The QA release is the result of merging all features/issue branches considered fully tested and ready for QA into MAIN. As bugs are found, new bug branches are branched off of MAIN, which are fixed and merged back to MAIN. When all QA releases are deemed ready for production, a PROD build is made from MAIN. In short MAIN is the one source of truth for code.
If you need to work ahead, an integration-test branch (TEST) can be used to determine what features are "production ready," but feature/issue branches should be merged to MAIN on a case-by-case basis, rather than in bulk from the TEST branch.
Hotfixes can be branched from the PROD label, then fixed, tested and merged back to MAIN for a new PROD release.
I'm going to refer you to a great video on Branch per Feature. It focuses on GIT, but the strategies do not depend on GIT and can be used just as effectively on TFS SCC: https://youtu.be/9SZ7kSQ2424

TFS CM resource recommendations / some questions

I am working with a small development shop that consists of a group of 5 developers and 1 QA person. We are using TFS and need to get more sophisticated on how we use this tool.
Currently the development team checks in their code each evening. A nightly build runs and pushes the output out on a network share. Our QA person uses this build for testing the next day. Sometimes the build off the trunk codebase has issues/bugs that hinder the QA process, and it hasn’t been a giant issue in the past, but we now want to get to a state where we have our QA person testing on a stable QA build.
So I believe we need to create a branch (call it QA), and the developers will continue to develop off the trunk, but the QA person will use builds created from code in the QA branch.
Seems simple enough, but we have started doing code reviews as well. So we have another desire in that only code that has been code reviewed can be promoted to the QA branch. Each developer works off a TFS item, and when they check in a changeset, they do it against a TFS item which creates a link between a checked in code file and a TFS item. Eventually the TFS item becomes complete and ready for code review. All code attached to the TFS item is reviewed. How can the versions of these files get promoted to the QA branch?

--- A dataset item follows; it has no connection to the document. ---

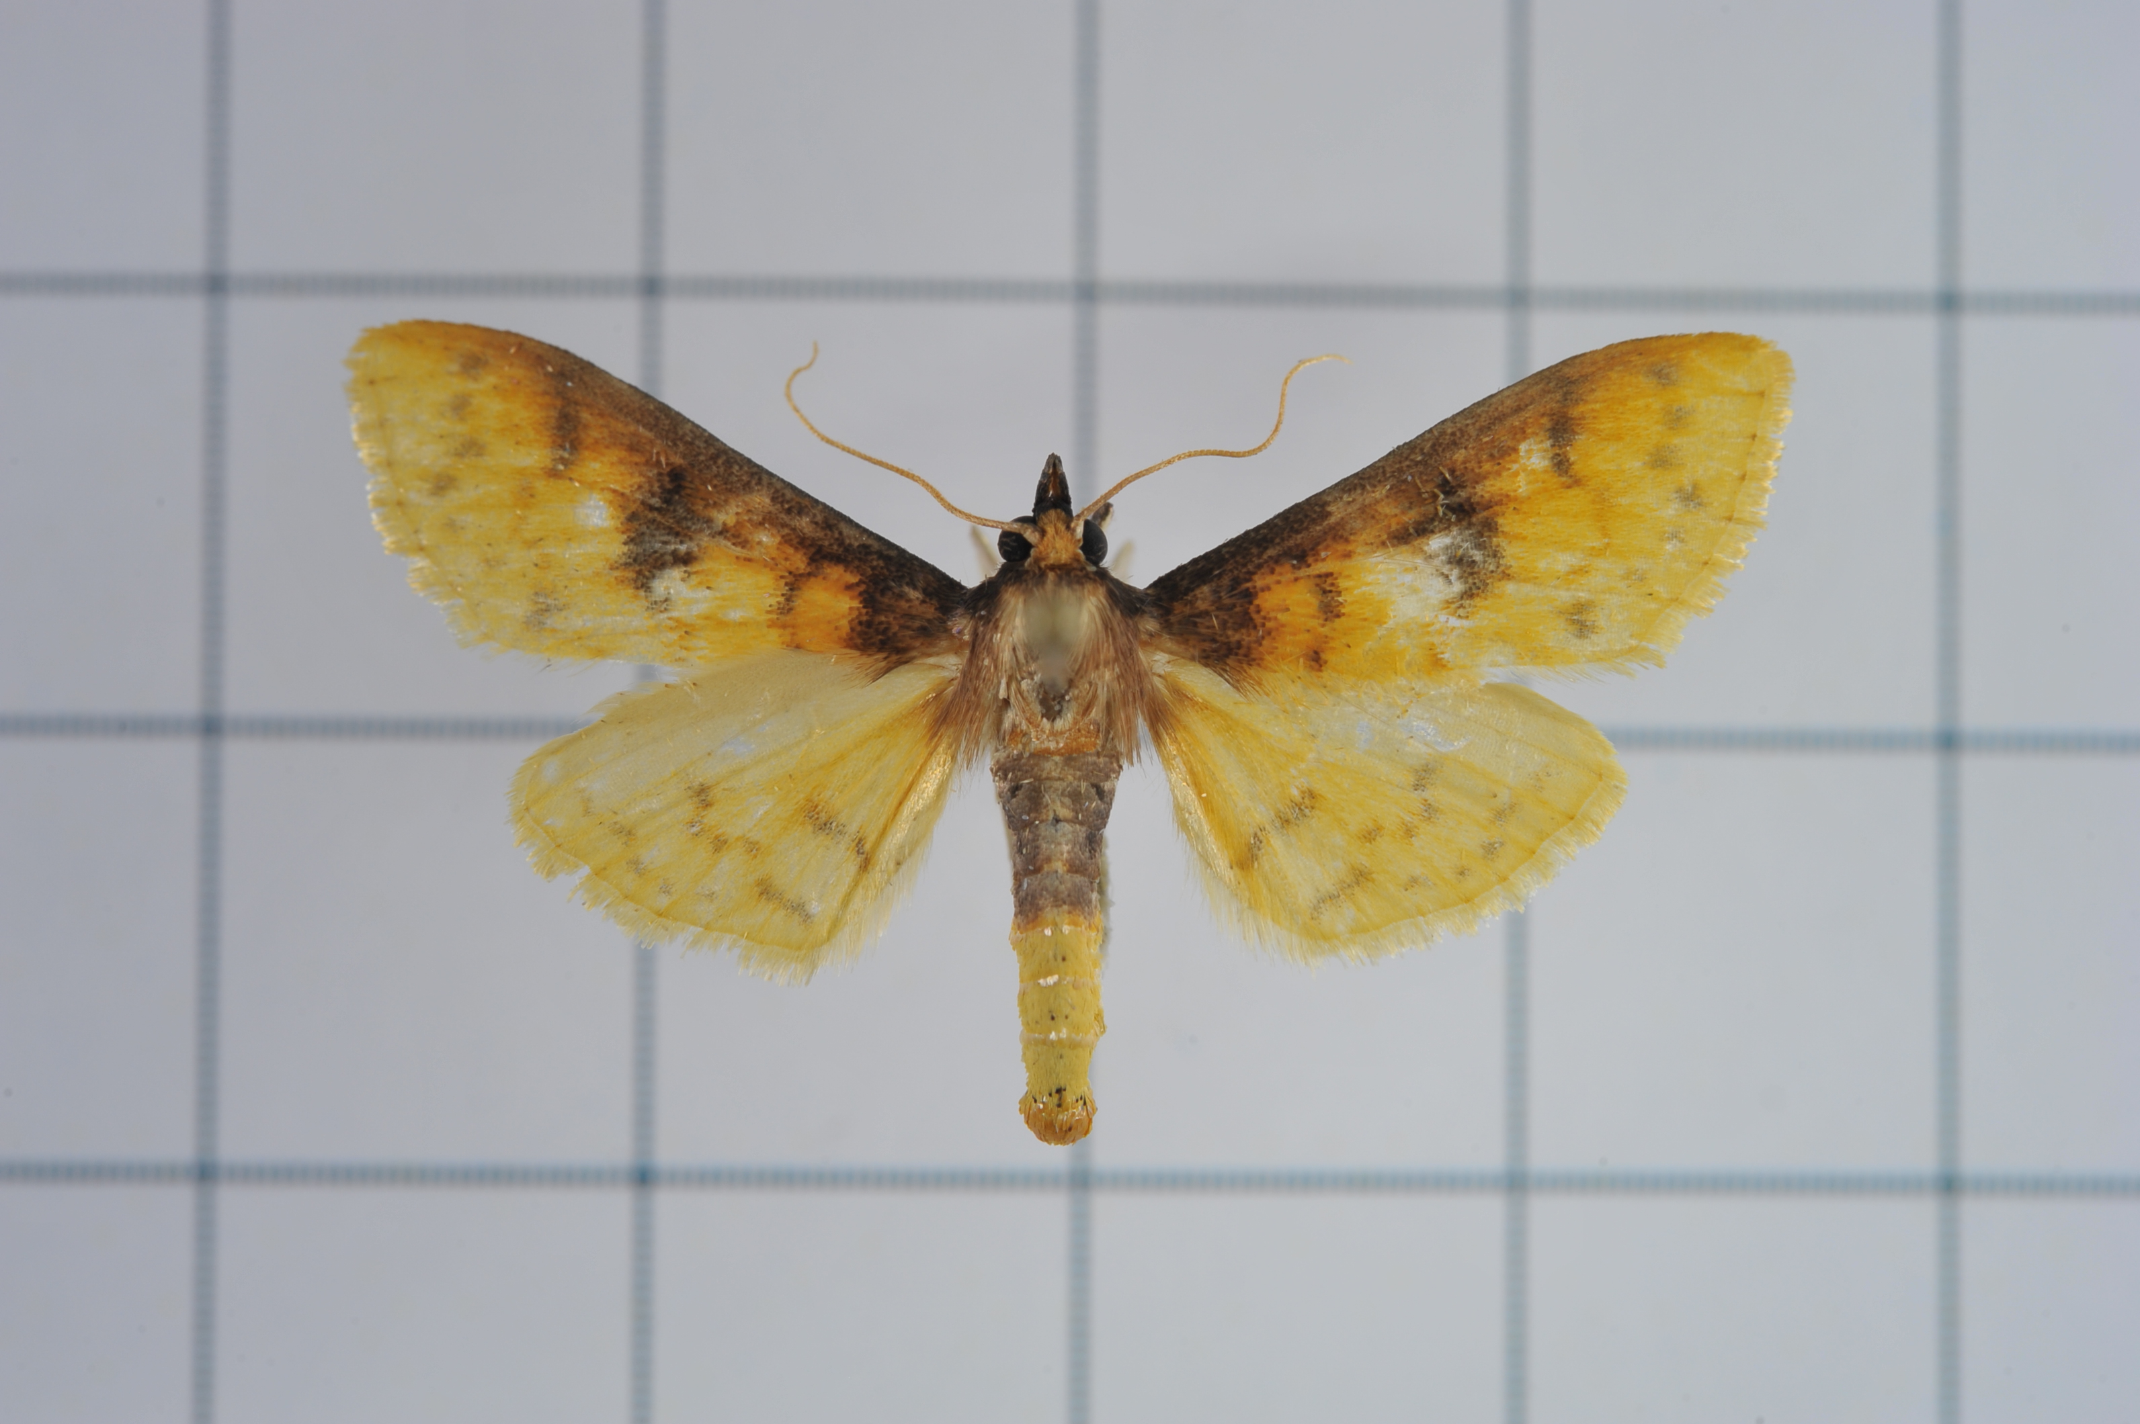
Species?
Polygrammodes sabelialis

In the QA branch, if a bug is found, we want to fix it in the QA branch and have the changes migrated back to the trunk. I believe TFS has a way to automatically do this doesn’t it?
Long story short, we want to get to a build and CM environment that I believe is pretty standard, but we are unaware of how to make this happen with TFS. Given our situation above, can someone point out a book or website(s) that would address our specific needs? We would like to make this happen without having to get too deep in CM theory or TFS.
I very much appreciate any and all suggestions!
Thanks,
John
You might want to take a gander at the resources on CodePlex. There are different strategies laid out for how you might want to build your branching model.